BUENO… ESTA ES MI OPINIÓN


Gustavo A. Magallón Solórzano.-

Quizá nunca se le ha rendido un gran homenaje a Ruperto (desconozco los apellidos) también conocido como El Viejo, quien durante muchísimos años impulsó a los niños y jóvenes de Manzanillo a practicar algún deporte.

Ruperto vivió en una casa muy sencilla por el rumbo de La Pedregosa, en el puerto y su oficio era ser pintor “de brocha gorda” de casas, además de que instalaba los mejores cielos rasos en las casas de teja que hace años abundaban en Manzanillo.

Con sus ingresos económicos, El Viejo compraba balones para futbol o utensilios para la práctica del beisbol, pero más, aun ya entrado en años, todas las tardes acudía a algún barrio con un silbato y a gritos, e invitaba a todos los niños y jóvenes para que lo siguieran a las canchas deportivas para que entrenaran el deporte de su preferencia.
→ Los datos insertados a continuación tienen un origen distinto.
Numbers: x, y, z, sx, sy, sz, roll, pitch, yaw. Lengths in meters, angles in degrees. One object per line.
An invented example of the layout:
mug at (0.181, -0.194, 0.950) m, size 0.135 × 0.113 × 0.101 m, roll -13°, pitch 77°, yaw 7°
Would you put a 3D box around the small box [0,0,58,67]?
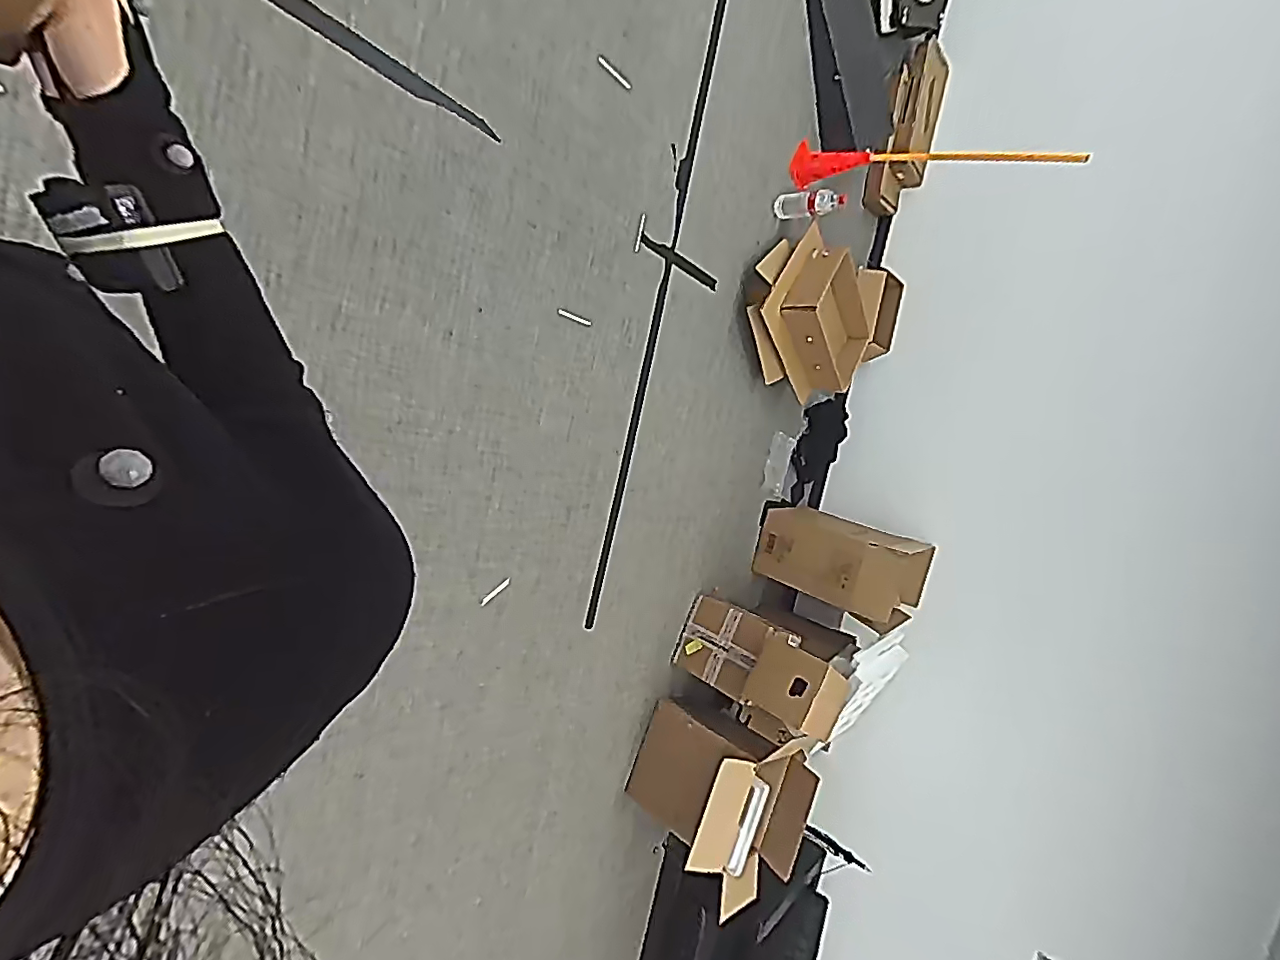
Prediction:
small box at (-0.339, -0.298, 0.195) m, size 0.168 × 0.176 × 0.179 m, roll -12°, pitch 107°, yaw -54°

Fueron muchas, pero muchas las generaciones de manzanillenses que recibieron (o recibimos) el beneficio que ofrecía Ruperto por el gusto de servir a tantos niños y jóvenes, tal vez muchos lo recuerden con su trato agradable hacia todos y además los impulsaba a practicar algún deporte para que se divirtieran, aunque no tuvieran cualidades para eso.

Lo lamentable es que muchas personas altruistas pasan por la vida ayudando de alguna forma y después nadie los recuerda, o ni en vida le ofrecen un homenaje para mostrarles agradecimiento por la labor tan importante que han realizado en beneficio de muchos, en este caso, manzanillenses.

Sin haber pedido su autorización, pero a nombre de todas esas generaciones de manzanillenses que tanto apoyaste, Ruperto, Viejo, en donde quiera que estés recibe este pequeñísimo homenaje de parte de todos los que te recordamos con cariño. Bueno… esta es mi opinión.